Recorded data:

/---

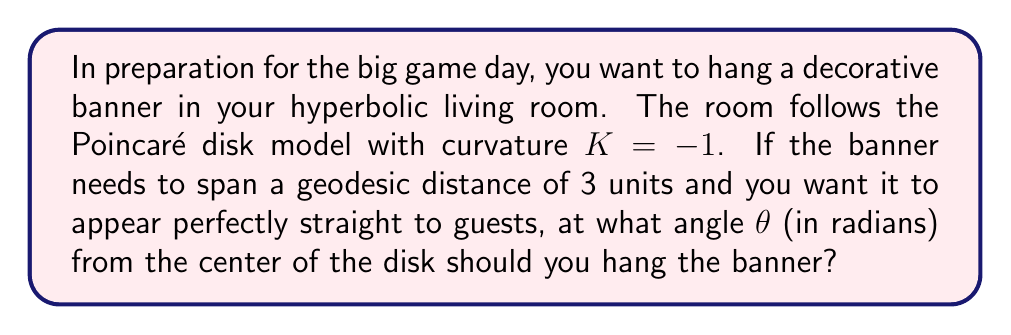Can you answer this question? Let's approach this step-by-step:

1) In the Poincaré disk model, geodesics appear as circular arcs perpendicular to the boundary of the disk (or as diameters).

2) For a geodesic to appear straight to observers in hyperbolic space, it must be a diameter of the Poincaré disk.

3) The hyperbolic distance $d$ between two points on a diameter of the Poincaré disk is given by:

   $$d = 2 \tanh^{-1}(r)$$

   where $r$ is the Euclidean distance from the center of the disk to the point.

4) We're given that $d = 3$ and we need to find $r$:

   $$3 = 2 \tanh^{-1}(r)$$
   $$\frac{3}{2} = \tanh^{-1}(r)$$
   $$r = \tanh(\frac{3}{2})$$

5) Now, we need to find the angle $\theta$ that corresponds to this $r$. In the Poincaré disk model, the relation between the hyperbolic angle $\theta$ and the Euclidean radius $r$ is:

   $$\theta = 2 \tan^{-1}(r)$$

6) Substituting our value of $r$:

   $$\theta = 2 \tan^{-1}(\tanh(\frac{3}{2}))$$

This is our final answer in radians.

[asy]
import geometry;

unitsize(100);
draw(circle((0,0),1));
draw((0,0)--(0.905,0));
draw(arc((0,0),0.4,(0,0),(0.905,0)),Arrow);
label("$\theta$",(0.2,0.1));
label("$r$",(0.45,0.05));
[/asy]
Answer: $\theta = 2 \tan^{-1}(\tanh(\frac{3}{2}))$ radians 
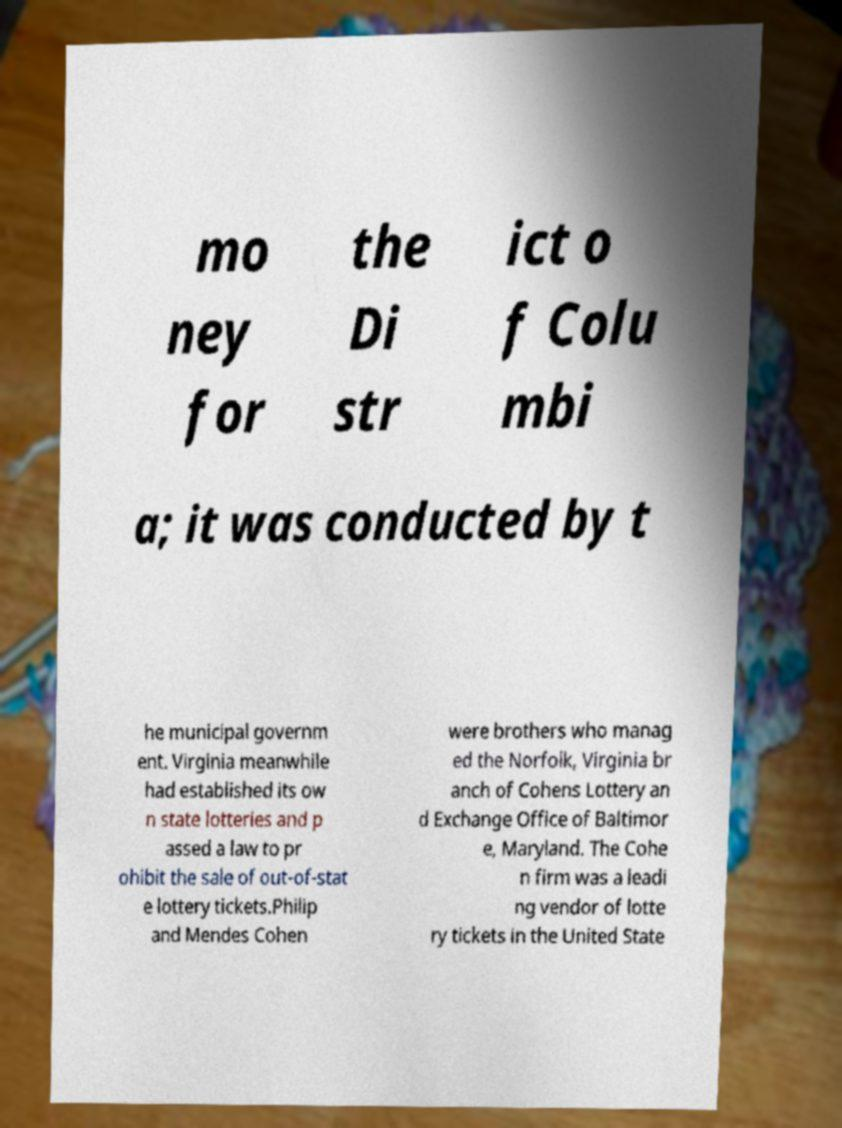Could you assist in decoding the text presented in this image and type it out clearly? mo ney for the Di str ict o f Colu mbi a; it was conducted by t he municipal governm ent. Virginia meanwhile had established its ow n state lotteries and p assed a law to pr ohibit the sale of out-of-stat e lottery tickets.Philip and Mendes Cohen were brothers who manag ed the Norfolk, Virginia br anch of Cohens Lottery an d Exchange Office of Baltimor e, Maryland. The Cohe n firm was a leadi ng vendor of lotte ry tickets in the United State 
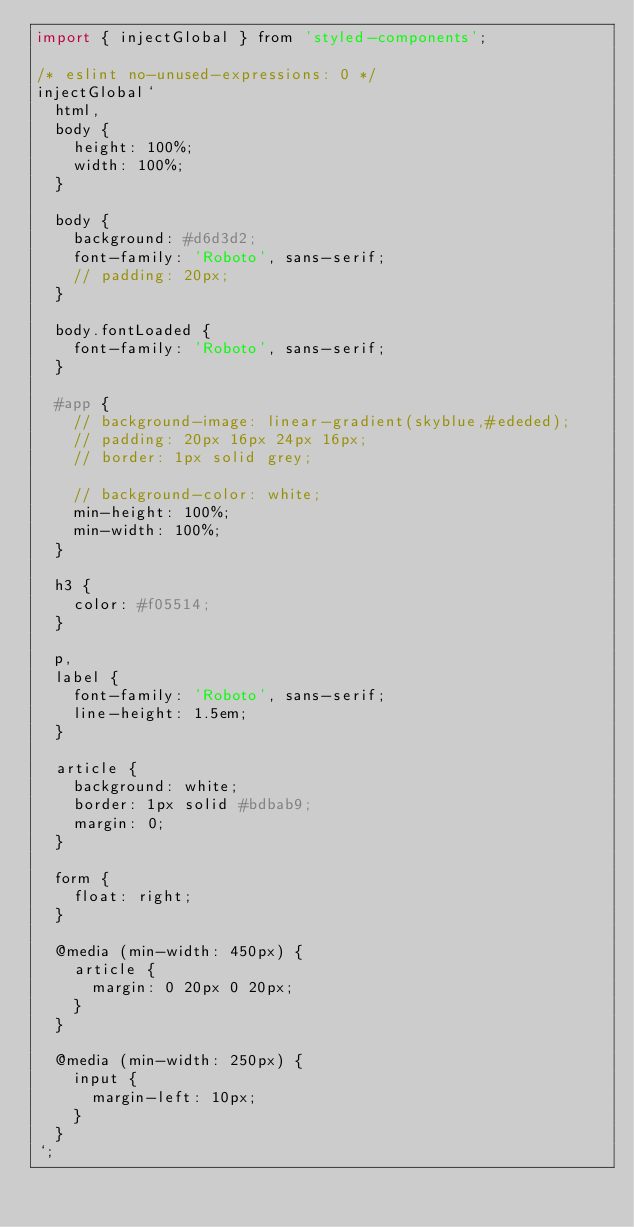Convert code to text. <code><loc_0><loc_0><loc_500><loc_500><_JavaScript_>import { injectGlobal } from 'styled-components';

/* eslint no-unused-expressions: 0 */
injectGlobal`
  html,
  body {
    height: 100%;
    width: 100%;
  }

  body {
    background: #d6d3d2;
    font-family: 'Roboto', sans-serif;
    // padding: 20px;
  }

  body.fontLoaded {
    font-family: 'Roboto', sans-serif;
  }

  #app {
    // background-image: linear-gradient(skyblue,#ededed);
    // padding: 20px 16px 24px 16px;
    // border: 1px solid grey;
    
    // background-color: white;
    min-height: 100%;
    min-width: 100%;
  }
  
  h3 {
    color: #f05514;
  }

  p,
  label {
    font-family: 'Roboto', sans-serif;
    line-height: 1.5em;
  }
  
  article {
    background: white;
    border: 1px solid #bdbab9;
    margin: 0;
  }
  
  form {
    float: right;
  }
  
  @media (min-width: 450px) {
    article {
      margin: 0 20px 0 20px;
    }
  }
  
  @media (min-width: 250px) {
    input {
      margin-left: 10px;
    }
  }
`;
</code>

\---

▸ **ASSIGNMENT**
No picture is to appear in the copy; every entry above is otherwise to be printed verbatim.

▸ **OUTPUT FOR THIS TASK**
Can you answer this question? Let's approach this step-by-step:

1) In the Poincaré disk model, geodesics appear as circular arcs perpendicular to the boundary of the disk (or as diameters).

2) For a geodesic to appear straight to observers in hyperbolic space, it must be a diameter of the Poincaré disk.

3) The hyperbolic distance $d$ between two points on a diameter of the Poincaré disk is given by:

   $$d = 2 \tanh^{-1}(r)$$

   where $r$ is the Euclidean distance from the center of the disk to the point.

4) We're given that $d = 3$ and we need to find $r$:

   $$3 = 2 \tanh^{-1}(r)$$
   $$\frac{3}{2} = \tanh^{-1}(r)$$
   $$r = \tanh(\frac{3}{2})$$

5) Now, we need to find the angle $\theta$ that corresponds to this $r$. In the Poincaré disk model, the relation between the hyperbolic angle $\theta$ and the Euclidean radius $r$ is:

   $$\theta = 2 \tan^{-1}(r)$$

6) Substituting our value of $r$:

   $$\theta = 2 \tan^{-1}(\tanh(\frac{3}{2}))$$

This is our final answer in radians.

[asy]
import geometry;

unitsize(100);
draw(circle((0,0),1));
draw((0,0)--(0.905,0));
draw(arc((0,0),0.4,(0,0),(0.905,0)),Arrow);
label("$\theta$",(0.2,0.1));
label("$r$",(0.45,0.05));
[/asy]
Answer: $\theta = 2 \tan^{-1}(\tanh(\frac{3}{2}))$ radians 
Could you assist in decoding the text presented in this image and type it out clearly? mo ney for the Di str ict o f Colu mbi a; it was conducted by t he municipal governm ent. Virginia meanwhile had established its ow n state lotteries and p assed a law to pr ohibit the sale of out-of-stat e lottery tickets.Philip and Mendes Cohen were brothers who manag ed the Norfolk, Virginia br anch of Cohens Lottery an d Exchange Office of Baltimor e, Maryland. The Cohe n firm was a leadi ng vendor of lotte ry tickets in the United State 
Convert code to text. <code><loc_0><loc_0><loc_500><loc_500><_JavaScript_>import { injectGlobal } from 'styled-components';

/* eslint no-unused-expressions: 0 */
injectGlobal`
  html,
  body {
    height: 100%;
    width: 100%;
  }

  body {
    background: #d6d3d2;
    font-family: 'Roboto', sans-serif;
    // padding: 20px;
  }

  body.fontLoaded {
    font-family: 'Roboto', sans-serif;
  }

  #app {
    // background-image: linear-gradient(skyblue,#ededed);
    // padding: 20px 16px 24px 16px;
    // border: 1px solid grey;
    
    // background-color: white;
    min-height: 100%;
    min-width: 100%;
  }
  
  h3 {
    color: #f05514;
  }

  p,
  label {
    font-family: 'Roboto', sans-serif;
    line-height: 1.5em;
  }
  
  article {
    background: white;
    border: 1px solid #bdbab9;
    margin: 0;
  }
  
  form {
    float: right;
  }
  
  @media (min-width: 450px) {
    article {
      margin: 0 20px 0 20px;
    }
  }
  
  @media (min-width: 250px) {
    input {
      margin-left: 10px;
    }
  }
`;
</code>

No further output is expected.